Report back the lines in this listing that carry the string "Page".

• **DATA LISTING**
________________________

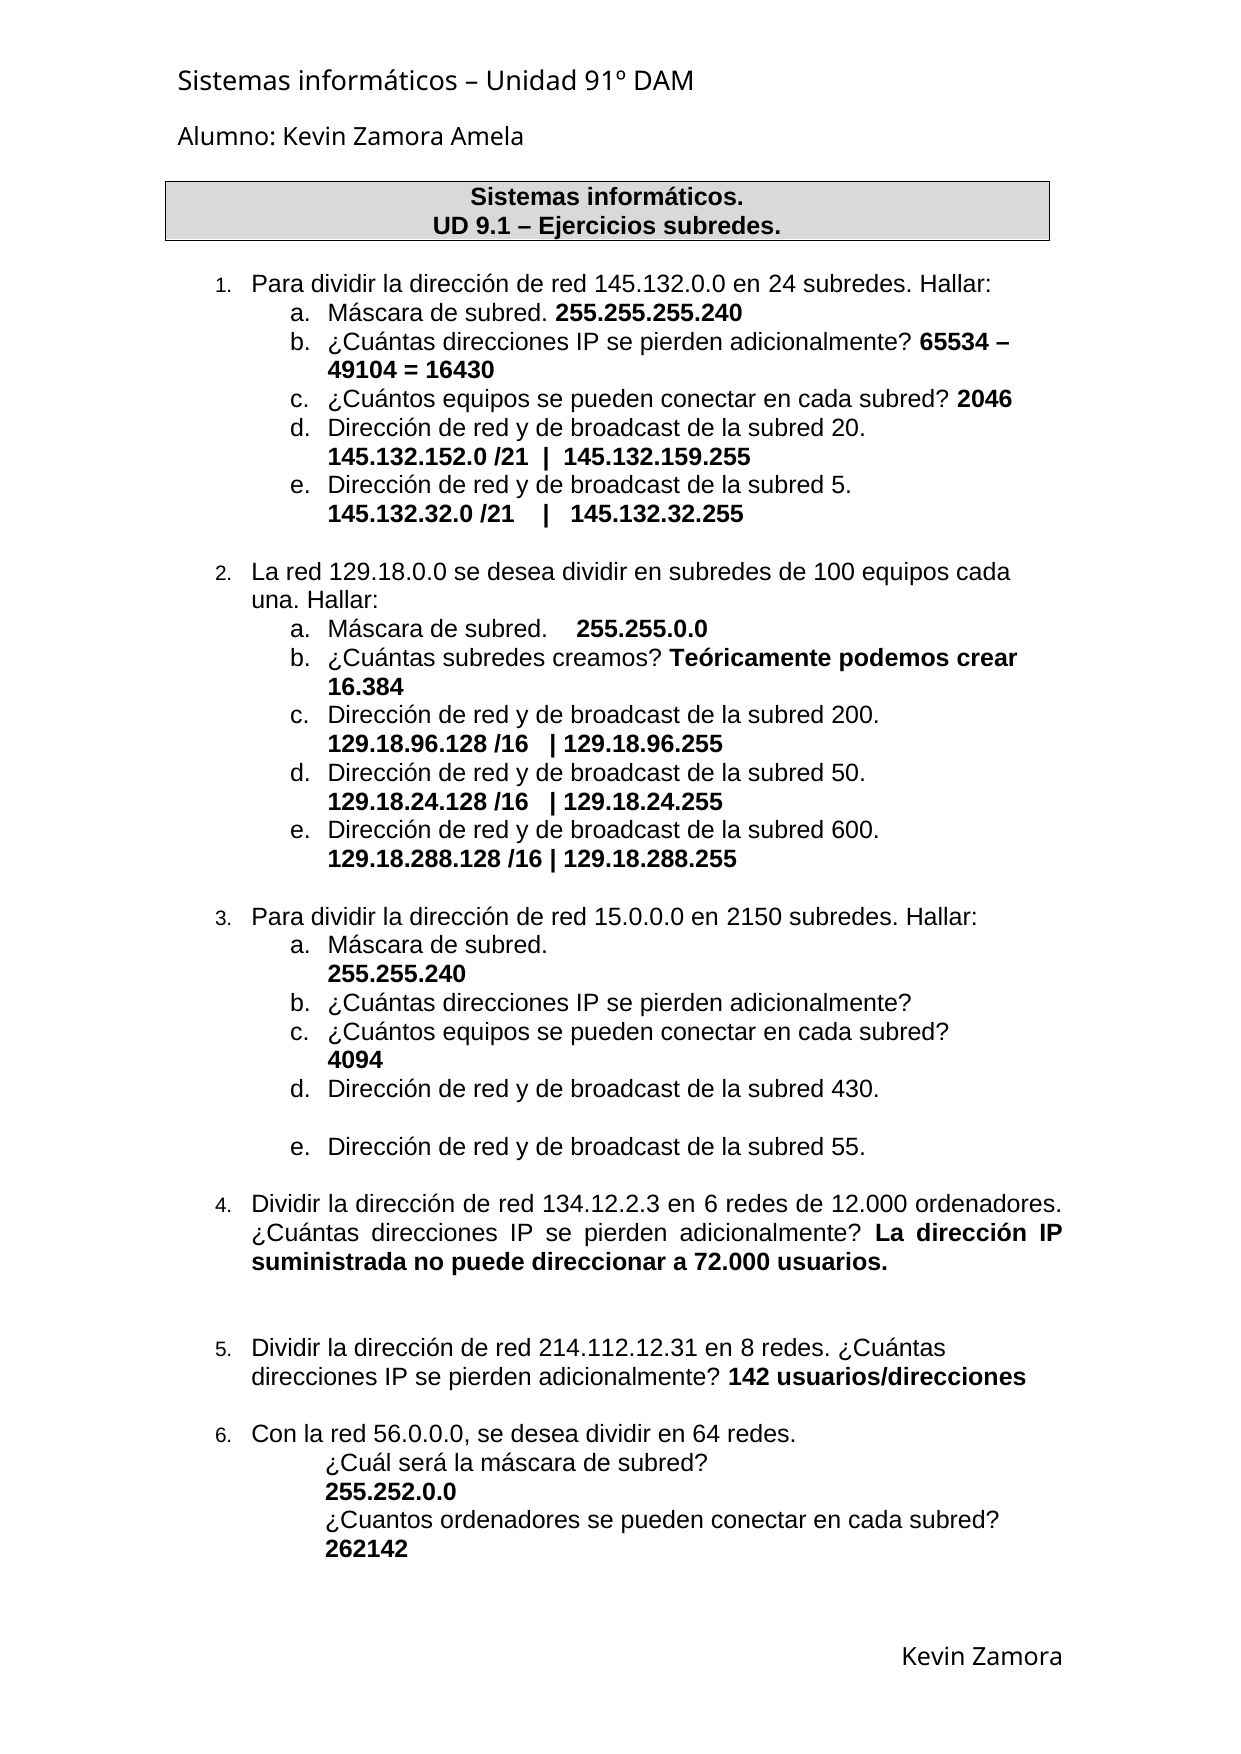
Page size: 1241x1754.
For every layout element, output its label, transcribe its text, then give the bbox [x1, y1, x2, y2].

list Con la red 56.0.0.0, se desea dividir en 64 redes. [215, 1419, 1063, 1448]
list 129.18.288.128 /16 | 129.18.288.255 [290, 844, 1063, 873]
list Dirección de red y de broadcast de la subred 430. [290, 1074, 1063, 1103]
list 255.252.0.0 [251, 1477, 1063, 1506]
list 145.132.32.0 /21 | 145.132.32.255 [290, 499, 1063, 528]
list ¿Cuántas subredes creamos? Teóricamente podemos crear 16.384 [290, 643, 1063, 701]
list Dirección de red y de broadcast de la subred 55. [290, 1132, 1063, 1161]
list ¿Cuántos equipos se pueden conectar en cada subred? [290, 1017, 1063, 1046]
list Máscara de subred. 255.255.0.0 [290, 614, 1063, 643]
list ¿Cuántas direcciones IP se pierden adicionalmente? [290, 988, 1063, 1017]
list Máscara de subred. 255.255.255.240 [290, 298, 1063, 327]
list ¿Cuántas direcciones IP se pierden adicionalmente? 65534 – 49104 = 16430 [290, 327, 1063, 384]
list ¿Cuál será la máscara de subred? [251, 1448, 1063, 1477]
list Dirección de red y de broadcast de la subred 600. [290, 816, 1063, 844]
list 262142 [251, 1534, 1063, 1563]
list Dirección de red y de broadcast de la subred 20. [290, 413, 1063, 442]
list Dividir la dirección de red 214.112.12.31 en 8 redes. ¿Cuántas direcciones IP se pierden adicionalmente? 142 usuarios/direcciones [215, 1333, 1063, 1391]
list Dirección de red y de broadcast de la subred 50. [290, 758, 1063, 787]
list ¿Cuántos equipos se pueden conectar en cada subred? 2046 [290, 384, 1063, 413]
list ¿Cuantos ordenadores se pueden conectar en cada subred? [251, 1506, 1063, 1534]
list Dividir la dirección de red 134.12.2.3 en 6 redes de 12.000 ordenadores. ¿Cuántas direcciones IP se pierden adicionalmente? La dirección IP suministrada no puede direccionar a 72.000 usuarios. [215, 1189, 1063, 1276]
list 4094 [290, 1046, 1063, 1074]
list 129.18.24.128 /16 | 129.18.24.255 [290, 787, 1063, 816]
list 145.132.152.0 /21 | 145.132.159.255 [290, 442, 1063, 471]
list Para dividir la dirección de red 15.0.0.0 en 2150 subredes. Hallar: [215, 902, 1063, 931]
text Alumno: Kevin Zamora Amela [177, 118, 1063, 152]
list Dirección de red y de broadcast de la subred 5. [290, 471, 1063, 499]
table_header Sistemas informáticos. UD 9.1 – Ejercicios subredes. [166, 182, 1049, 239]
list Para dividir la dirección de red 145.132.0.0 en 24 subredes. Hallar: [215, 269, 1063, 298]
list Dirección de red y de broadcast de la subred 200. [290, 701, 1063, 729]
list 255.255.240 [290, 959, 1063, 988]
list La red 129.18.0.0 se desea dividir en subredes de 100 equipos cada una. Hallar: [215, 557, 1063, 614]
list 129.18.96.128 /16 | 129.18.96.255 [290, 729, 1063, 758]
list Máscara de subred. [290, 931, 1063, 959]
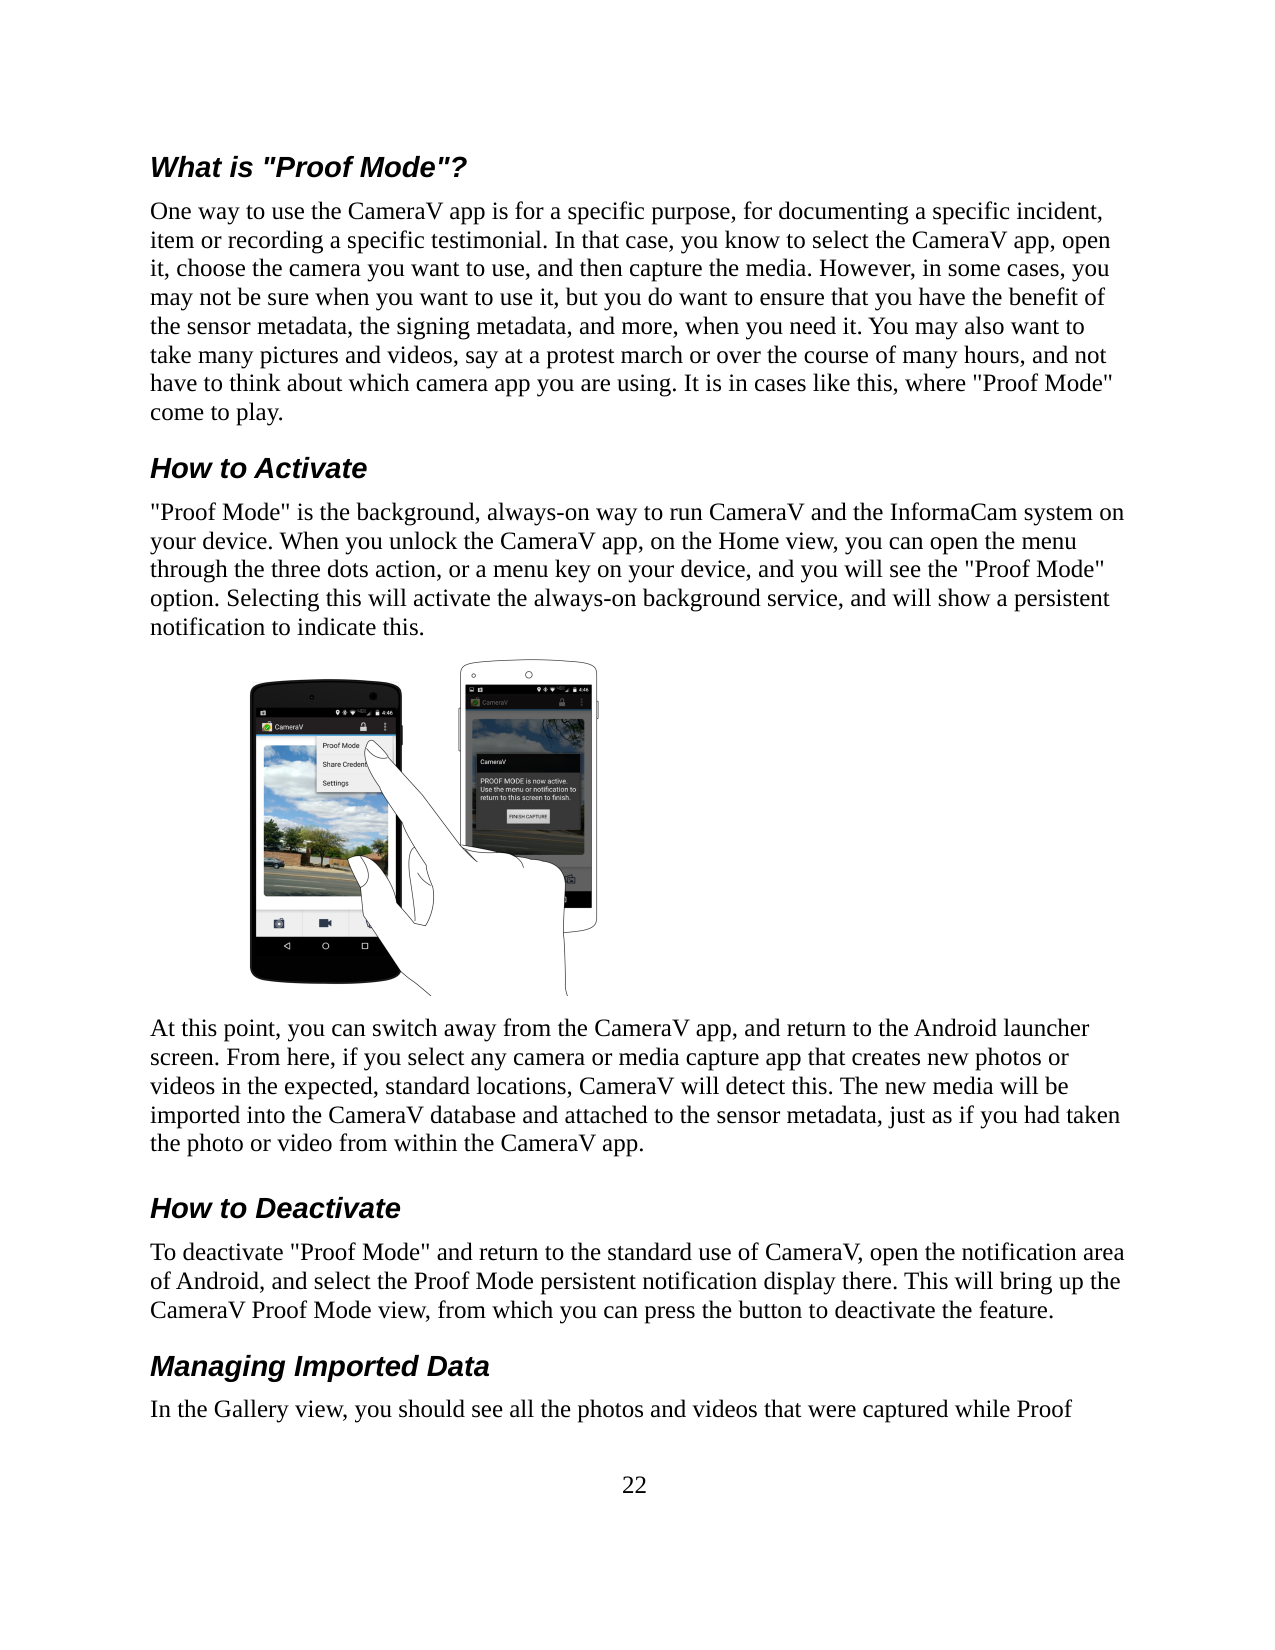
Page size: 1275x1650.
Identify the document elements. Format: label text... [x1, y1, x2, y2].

text To deactivate "Proof Mode" and return to the standard use of CameraV, open the notification area of Android, and select the Proof Mode persistent notification display there. This will bring up the CameraV Proof Mode view, from which you can press the button to deactivate the feature. [150, 1237, 1125, 1323]
text "Proof Mode" is the background, always-on way to run CameraV and the InformaCam system on your device. When you unlock the CameraV app, on the Home view, you can open the menu through the three dots action, or a menu key on your device, and you will see the "Proof Mode" option. Selecting this will activate the always-on background service, and will show a persistent notification to indicate this. [150, 497, 1125, 641]
subtitle How to Deactivate [150, 1191, 1125, 1225]
text One way to use the CameraV app is for a specific purpose, for documenting a specific incident, item or recording a specific testimonial. In that case, you know to select the CameraV app, open it, choose the camera you want to use, and then capture the media. However, in some cases, you may not be sure when you want to use it, but you do want to ensure that you have the benefit of the sensor metadata, the signing metadata, and more, when you need it. You may also want to take many pictures and videos, say at a protest march or over the course of many hours, and not have to think about which camera app you are using. It is in cases like this, where "Proof Mode" come to play. [150, 196, 1125, 426]
subtitle Managing Imported Data [150, 1348, 1125, 1382]
picture [150, 649, 696, 996]
subtitle How to Activate [150, 451, 1125, 484]
text In the Gallery view, you should see all the photos and videos that were captured while Proof [150, 1394, 1125, 1423]
subtitle What is "Proof Mode"? [150, 150, 1125, 183]
text At this point, you can switch away from the CameraV app, and return to the Android launcher screen. From here, if you select any camera or media capture app that creates new photos or videos in the expected, standard locations, CameraV will detect this. The new media will be imported into the CameraV database and attached to the sensor metadata, just as if you had taken the photo or video from within the CameraV app. [150, 1013, 1125, 1157]

________________________

• **TASK SOLUTION**
Page size: 1241x1754.
Page size: 1275x1650.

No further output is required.